Indeed, with its Moslem north and Christian south, its tribal divisions and its boisterous, argumentative people, Nigeria traditionally has been one of Africa’s most ungovernable, undisciplined countries. When the British arrived in the mid-nineteenth century, they found not a single entity but several regional mini-nations representing the major tribes: the Arab-like Hausa and Fulani of the north, whose feudal emirs built empires and huge palaces of baked mud that was carved into crenellations and parapets; the Yoruba of the west, self-assertive and capitalistic people who worshiped more than four hundred gods and who today make up the majority of Lagos’ population; and the pastoral, primitive Ibos of the east, who occasionally supplemented their low-protein yam diet with human f
lesh.
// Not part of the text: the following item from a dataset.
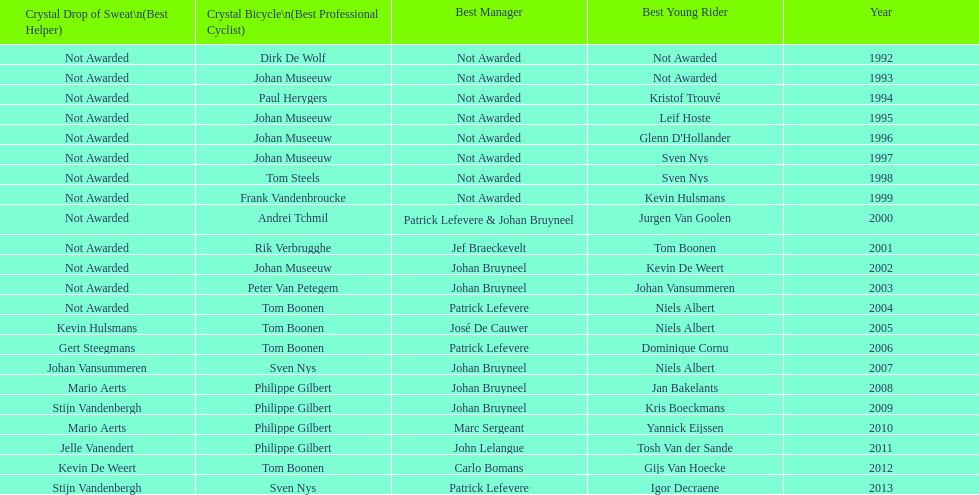Who won the crystal bicycle earlier, boonen or nys? Tom Boonen.

Intertribal warfare and the slave trade of the seventeenth and eighteenth centuries had begun the deterioration of Nigeria’s cultures before the colonialists’ arrival. The British completed the process by forcing the major tribes to meld into a single colonial boundary. But true to their divide-and-rule policy, the British did not treat each ethnic group equally, and the people they chose to favor with privilege were the Ibos.
Backward as they appeared, the Ibos had a unique culture that was compatible with the concepts of Western-style advancement. They were ruled not by autocratic village chiefs, but by high achievers—successful yam farmers, warriors and public speakers. The titles and achievements of a man were buried with him, and his sons, unlike most young men in Africa, were required to earn their own reputation. The Ibos were eager to learn, and they welcomed the missionaries who brought books and schools. Soon each village was collecting money to send its brightest youths off to Europe to be educated. Those who remained behind eagerly accepted the mechanics of capitalism and administration that the colonials brought, and the British came to rely on the willing Ibos as the backbone of Nigeria’s bureaucracy and commerce. The Ibos spread out from their homeland in the eastern region and became Nigeria’s most successful and capable entrepreneurs, administrators and educators. They were proud, arrogant and given to self-praise. And because they had become the dominant tribe of the emerging nation, they were resented by other Nigerians. They valued what other tribes decried: high personal achievement. When the British left Nigeria in 1960, the Ibos inherited the controls of an infant country.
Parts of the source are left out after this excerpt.